Erst im letzten Drittel kommt in Garrones Schauermär so etwas wie Spannung auf. Darüber hinaus feiert ein gelungen-boshafter Twist, den man so bei Franjus Epigonen auch noch nicht gesehen hat, Premiere. Doch dann erwacht Kinski für Nijinskis tragische fünf Minuten aus seiner Lethargie und der daraus resultierende Monolog bremst das Geschehen wieder gnadenlos aus. Das Unhappy End auf breiter Front ist wiederum formvollendet und konsequent.

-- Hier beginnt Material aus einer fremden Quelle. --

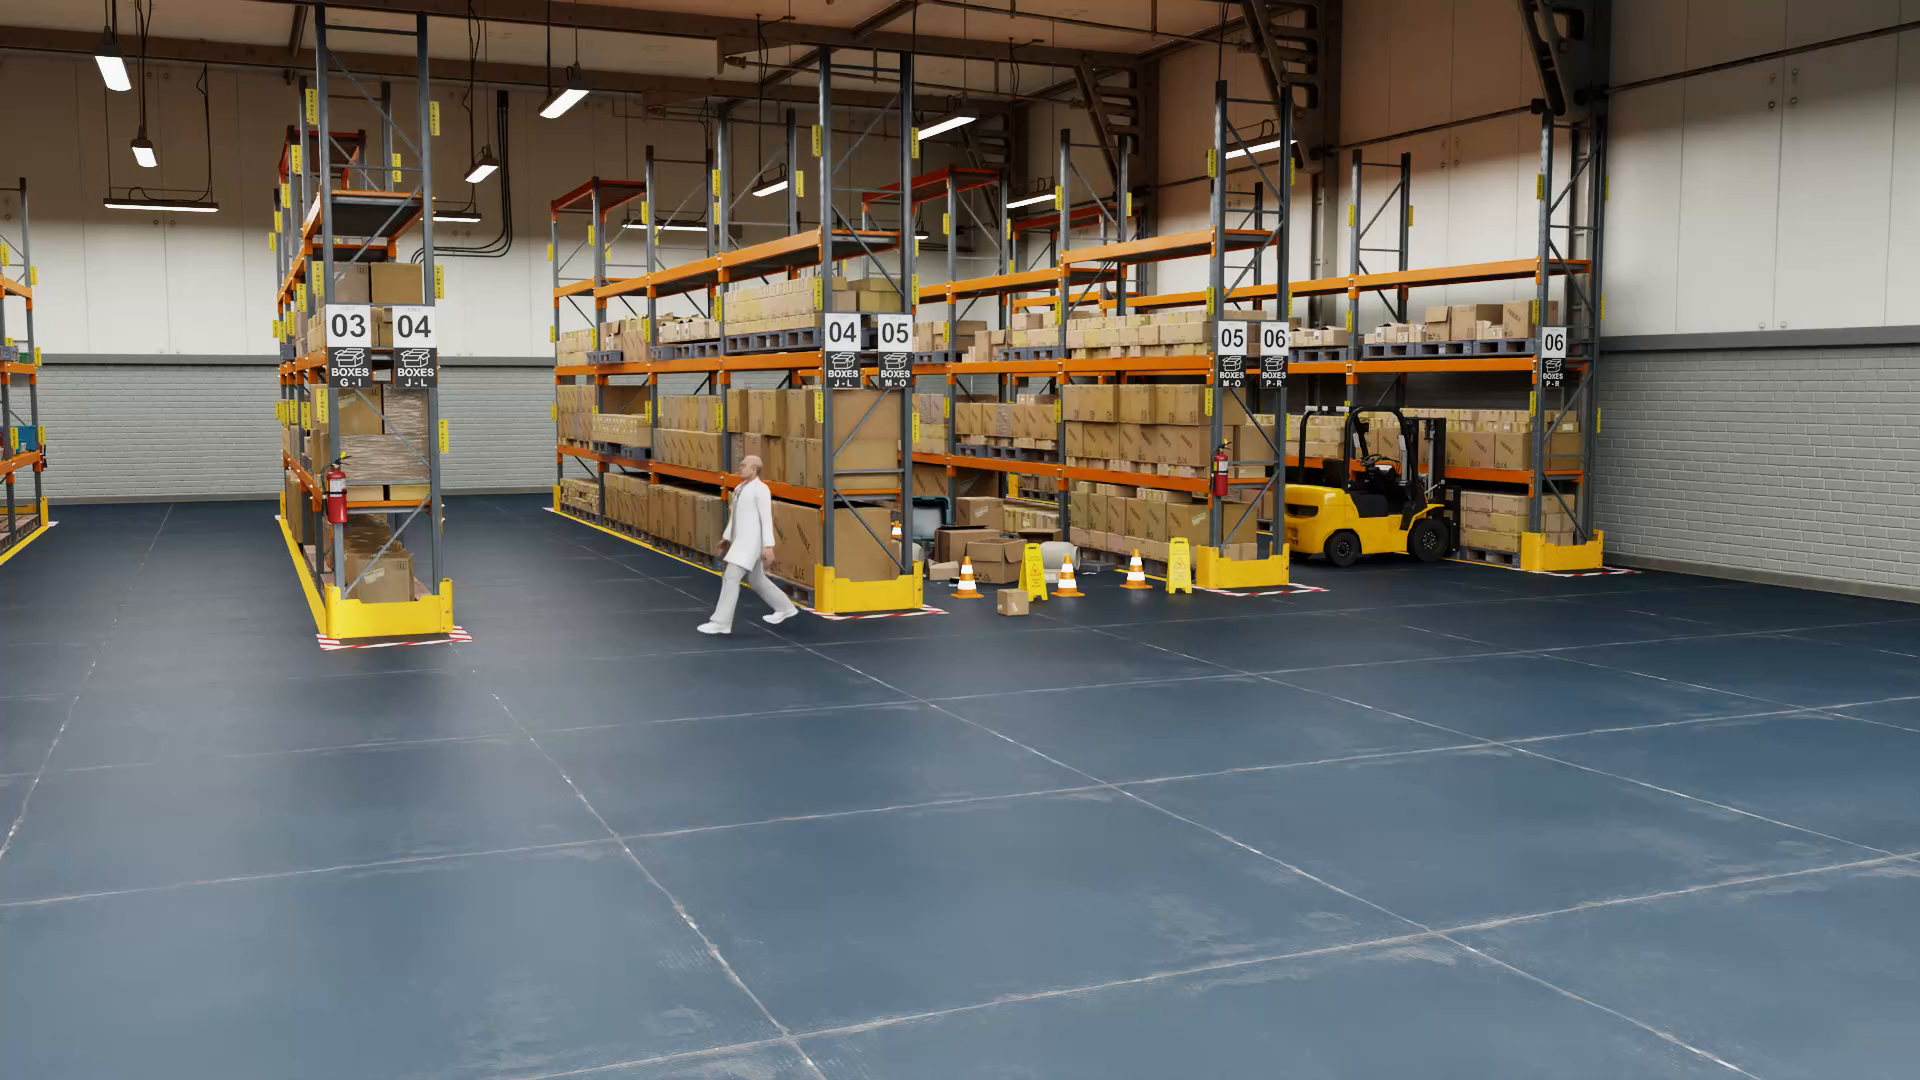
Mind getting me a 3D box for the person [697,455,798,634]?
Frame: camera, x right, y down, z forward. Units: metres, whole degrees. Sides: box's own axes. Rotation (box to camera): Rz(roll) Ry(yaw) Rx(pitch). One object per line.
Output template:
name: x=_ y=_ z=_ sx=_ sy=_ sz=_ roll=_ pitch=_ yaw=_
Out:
person: x=-2.098 y=0.030 z=16.353 sx=1.113 sy=1.730 sz=0.612 roll=-3 pitch=6 yaw=-28

Für Eurohorror-Komplettisten mag LA MANO CHE NUTRE LA MORTE nicht uninteressant sein; der Rest der Welt braucht diese etwas zu schläfrig geratene Variante eines klassischen Horror-Themas nicht wirklich zwingend. Kennt sie doch schon Franjus erhabenes Meisterwerk aus dem Jahr 1959. Oder den erotisch-poetischen BLOOD ROSE. Oder Jess Francos viel schmissigeren und gorigeren FACELESS, der darüber hinaus mit der Rollin-Muse Brigitte Lahaie und einem sleazigen Helmut Berger als Duo Infernale aufwarten kann.

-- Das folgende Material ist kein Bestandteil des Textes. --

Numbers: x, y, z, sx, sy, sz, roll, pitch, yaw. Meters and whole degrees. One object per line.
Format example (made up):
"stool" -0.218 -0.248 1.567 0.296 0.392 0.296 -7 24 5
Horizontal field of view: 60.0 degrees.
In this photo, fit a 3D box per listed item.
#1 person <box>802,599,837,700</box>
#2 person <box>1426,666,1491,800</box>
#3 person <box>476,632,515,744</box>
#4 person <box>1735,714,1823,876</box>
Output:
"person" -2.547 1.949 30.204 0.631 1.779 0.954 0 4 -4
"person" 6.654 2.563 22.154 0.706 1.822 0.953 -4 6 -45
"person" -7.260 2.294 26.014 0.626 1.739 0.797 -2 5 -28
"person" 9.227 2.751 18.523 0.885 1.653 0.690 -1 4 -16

Und so spielen Professor Nijinski und die verbrutzelte Frau Gemahlin beim großen Konzert der verbotenen Gesichtstransplantationen leider nur zweite Geige.

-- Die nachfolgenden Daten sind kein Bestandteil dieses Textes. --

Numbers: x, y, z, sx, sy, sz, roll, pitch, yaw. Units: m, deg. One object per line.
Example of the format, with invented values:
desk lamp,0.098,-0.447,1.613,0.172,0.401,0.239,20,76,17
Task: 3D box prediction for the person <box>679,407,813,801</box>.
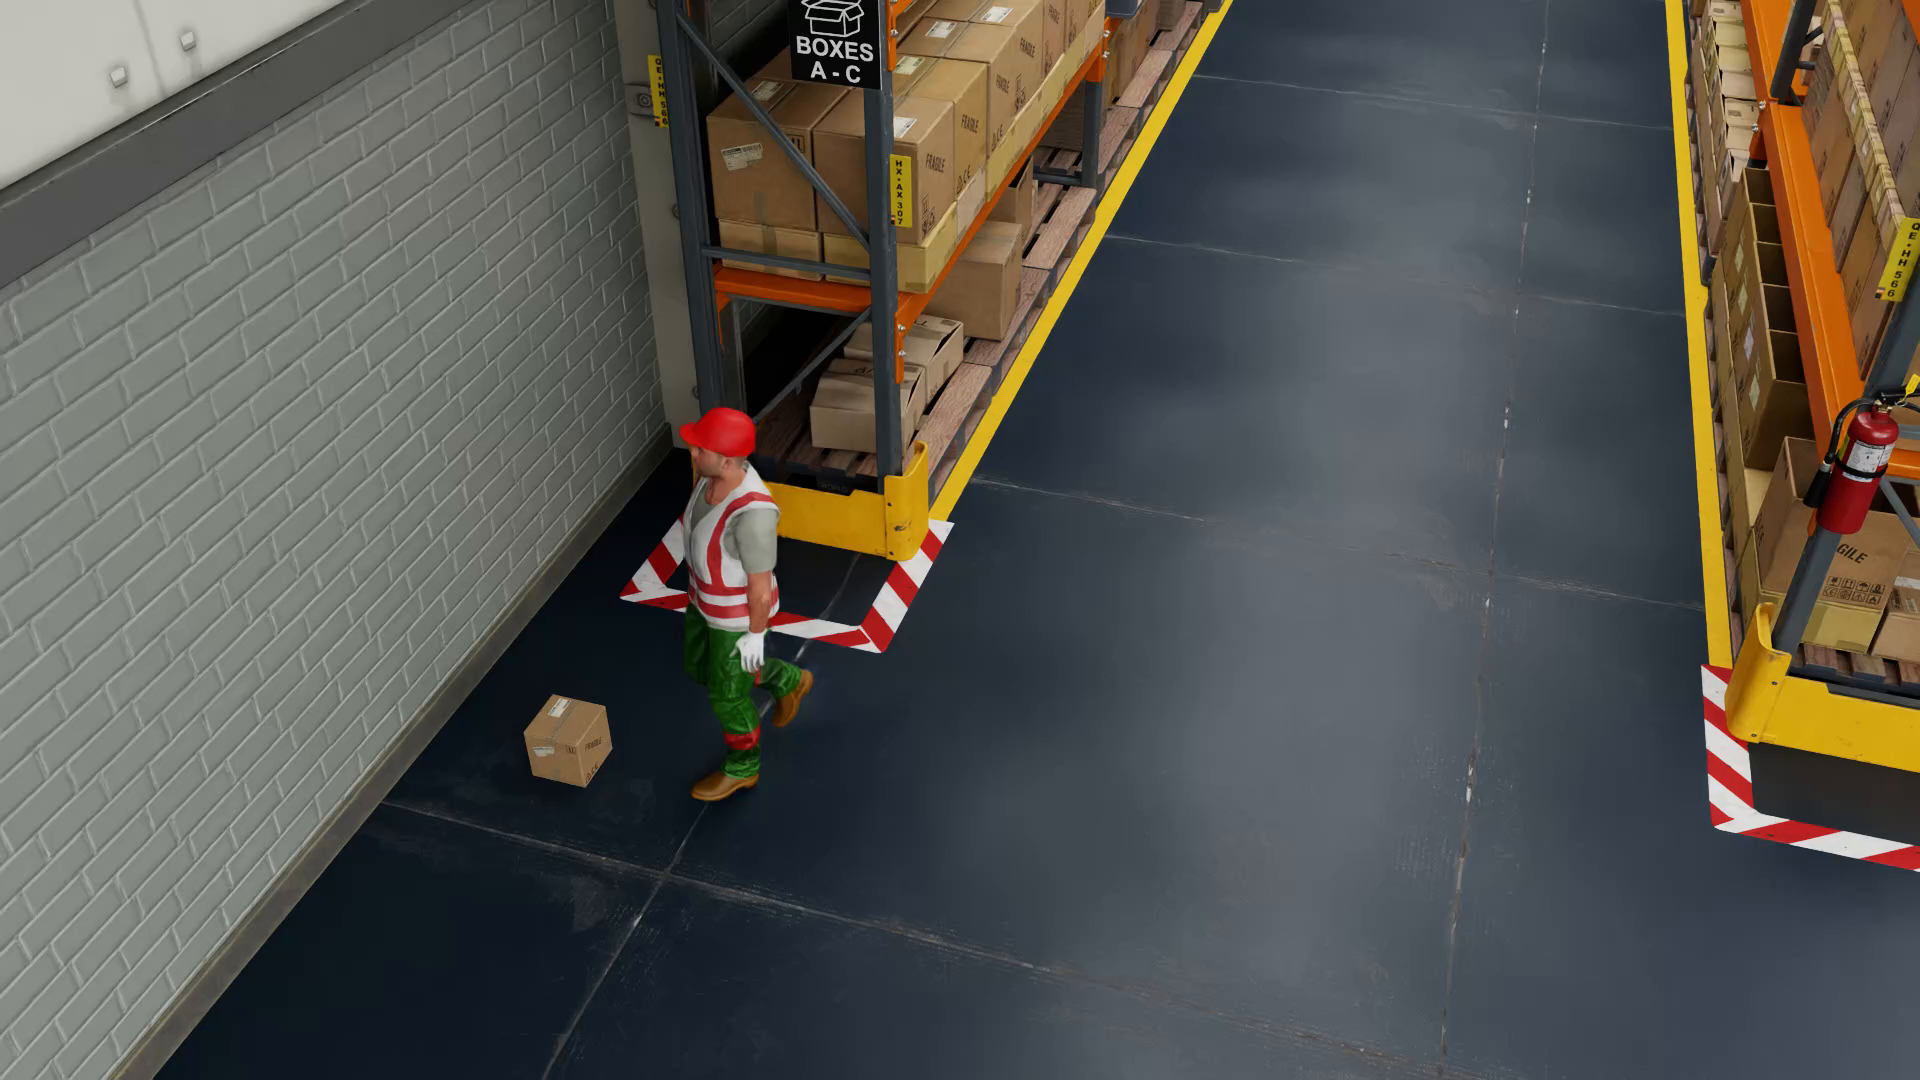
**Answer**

Bevor er in die Niederungen der Naziploitation abgetaucht ist, hat Sergio Garrone neben einigen mäßigen Italowestern auch zwei klassische Horrorfilme abgeliefert, die er im Jahr 1974 in einem Aufwasch mit identischer Cast und Crew fertiggestellt hat. Der hierbei entstandene LA MANO CHE NUTRE LA MORTE ist quasi Garrones AUGEN OHNE GESICHT, da er uns im Grunde dieselbe Geschichte wie Franju in seinem berühmten Werk erzählt. Dank Carlo Rambaldis blutiger Maskenarbeit werden natürlich auch hier krude wie detailliert Hautlappen und Gesichter transplantiert und trotzdem kommt der etwas schläfrig wirkende Film nie richtig in die Gänge. So können weder Klaus Kinski in der Rolle des Mad Surgeon noch Augenfreuden wie Katia Christine oder Marzia Damon verhindern, dass LA MANO CHE NUTRE LA MORTE selbst in den Reihen der Franju-Epigonen eher belanglos wirkt.